Mountain Whitewater’s annual Clean the Poudre 2016 had an incredible turnout of over 125 volunteers. The crew cleaned up over 4 cubic yards of trash and a full cubic yard of recycling. Everyone was well prepared and had the best attitudes we could ask for.

An appreciation event at Paddler’s Pub at Mountain Whitewater was held after the cleanup with food and drink provided by LaPorte Pizza, Odell’s, Serious Texas Bar-B-Q, Backcountry Deli, and Rio Grande Mexican Restaurant. Morning Fresh Dairy also brought 20 plus volunteers on their behalf and donated chocolate milk, lemonade, and yogurt for the appreciation event.
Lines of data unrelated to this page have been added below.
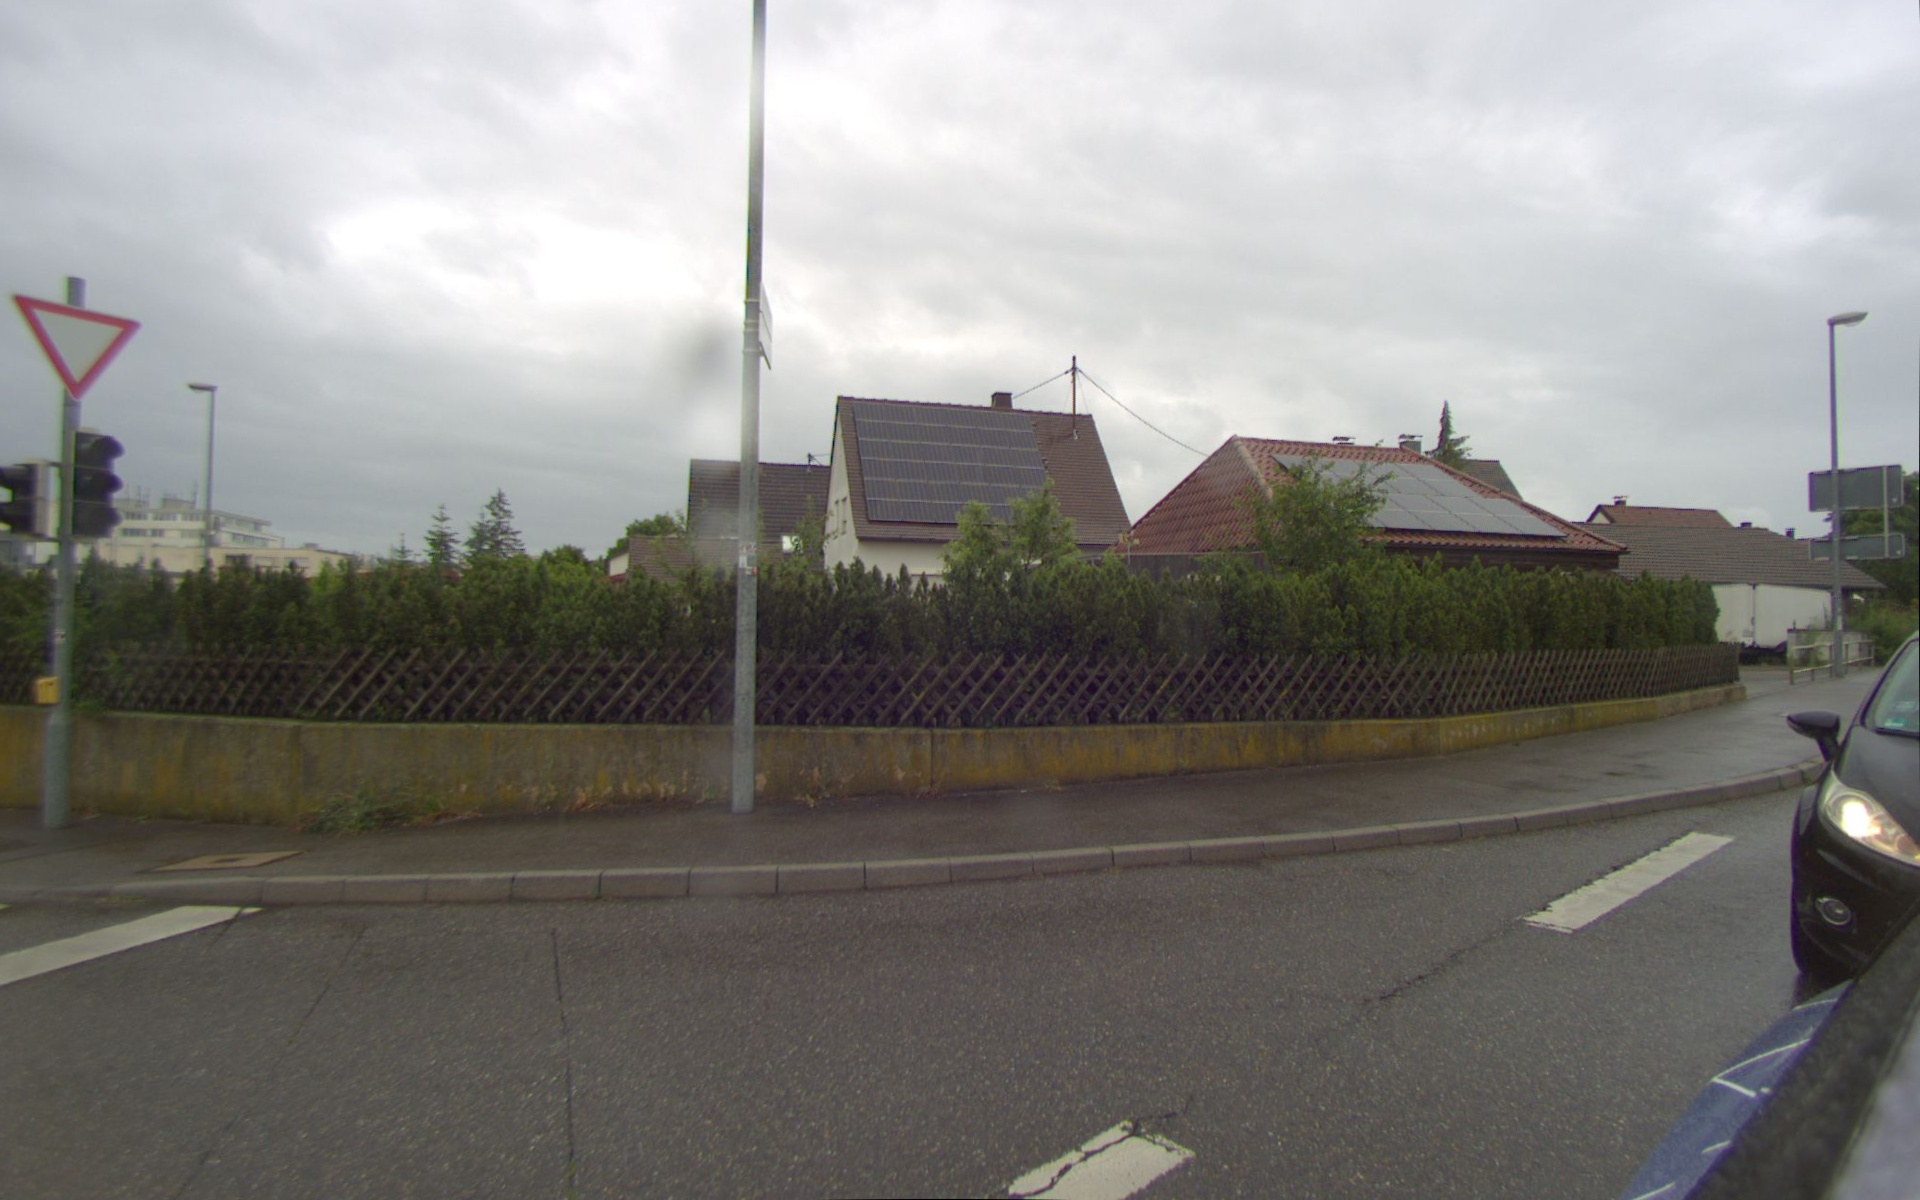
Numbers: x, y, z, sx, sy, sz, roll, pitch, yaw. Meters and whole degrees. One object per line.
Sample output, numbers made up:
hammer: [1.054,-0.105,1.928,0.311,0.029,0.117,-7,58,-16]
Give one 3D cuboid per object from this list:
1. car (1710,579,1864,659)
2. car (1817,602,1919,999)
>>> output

So another thank you to these sponsors for supplying the hard working volunteers with free food and beer!

morning fresh employees at river cleanupA huge thank you to Save the Poudre, American Rivers, and The City of Fort Collins Natural Areas Program for helping Mountain Whitewater sponsor this years cleanup.

Everyone’s efforts and contributions to the river cleanup were and still are greatly appreciated. The positive impact on the river helps to shine light on the city of Fort Collins and all of its citizens and attractions.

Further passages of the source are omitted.